Last Updated March 20, 2018
NGrams is a simple script used to calculate nGrams from a given text corpus (a list of strings). The NGrams itself does not do any text processing on the data itself and simply calculates the ngrams. The Recursive implementation enables the short script to scale to any order of NGrams.
The projectRun.py file utilizes NLTK for tokenization, though the NGram script itself is Standard Python3
The class stores the following data which is accessible through simple get methods:
__lst_wordCorpus = "" # The entire word corpus
__lst_wordCorpusSet = [] # The set of the word corpus
__int_corpusLength = 0 # length of the entire corpus
__int_corpusLengthSet = 0 # length of the set of the corpus (unique words)
__lstmap_gramProbabilities = [] # list of maps corresponding to every gram in the corpus and their probabilities
__lstmap_gramCounts = [] # list of maps corresponding to every gram in the corpus and their probabilities
__lstlst_orderedProbLst = [] # list of pairs (ordered greatest to least by probability) of same word,probability relationship
__lstlst_orderedCountLst = [] # list of pairs (ordered greatest to least by count) of same word,count relationship
The method list is as follows:
return type function name parameters
list<map<string, float>> get_gram_probabilities (void)

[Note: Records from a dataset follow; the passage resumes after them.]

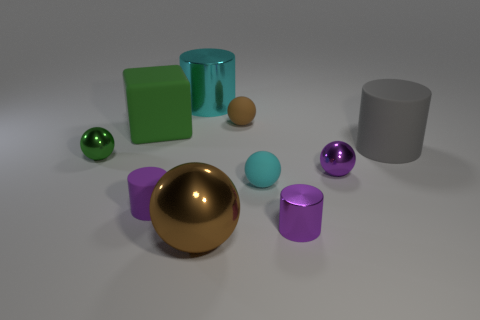What number of other objects are there of the same material as the tiny brown object?
Keep it short and to the point. 4. Do the small shiny thing that is to the left of the small brown rubber sphere and the cyan shiny object have the same shape?
Your response must be concise. No. How many small objects are either blue shiny cylinders or cyan balls?
Provide a short and direct response. 1. Are there the same number of tiny rubber spheres that are behind the purple metal sphere and brown metal objects that are behind the tiny cyan rubber sphere?
Your response must be concise. No. What number of other things are there of the same color as the tiny rubber cylinder?
Make the answer very short. 2. Is the color of the small matte cylinder the same as the matte sphere that is in front of the small purple sphere?
Ensure brevity in your answer.  No. How many red things are either large metallic cylinders or shiny spheres?
Your response must be concise. 0. Is the number of brown spheres on the left side of the big green cube the same as the number of large yellow matte things?
Provide a short and direct response. Yes. Is there any other thing that has the same size as the cyan rubber ball?
Provide a short and direct response. Yes. What color is the other matte thing that is the same shape as the purple matte object?
Offer a very short reply. Gray. 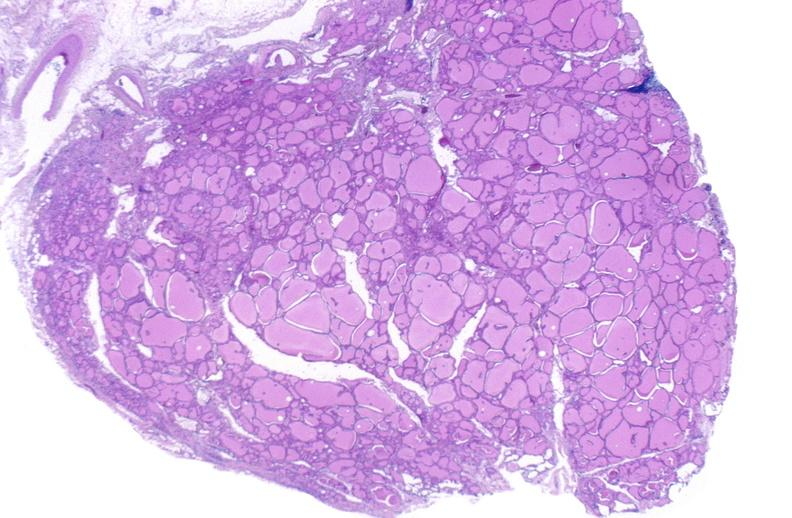does this image show thyroid gland, normal?
Answer the question using a single word or phrase. Yes

int get_corpus_length (void)
int get_corpus_set_length (void)
map<string, float> get_gram_probability (int_gram_order)
map<string, inr> get_gram_count (int_gram_order)
list<pair<string, float>> get_gram_probability_ordered (int_gram_order)
list<pair<string, int>> get_gram_count_ordered (int_gram_order)
list<map<string, float>> calculate (int_gram_order, int_threshold)
string random_sentence_base (int_gram)
string random_sentence_next (curr_sentence, int_gram)
function name Elaboration
get_gram_probabilities Returns the list of all maps of string, floats.
get_gram_counts Returns the list of all maps of string, int.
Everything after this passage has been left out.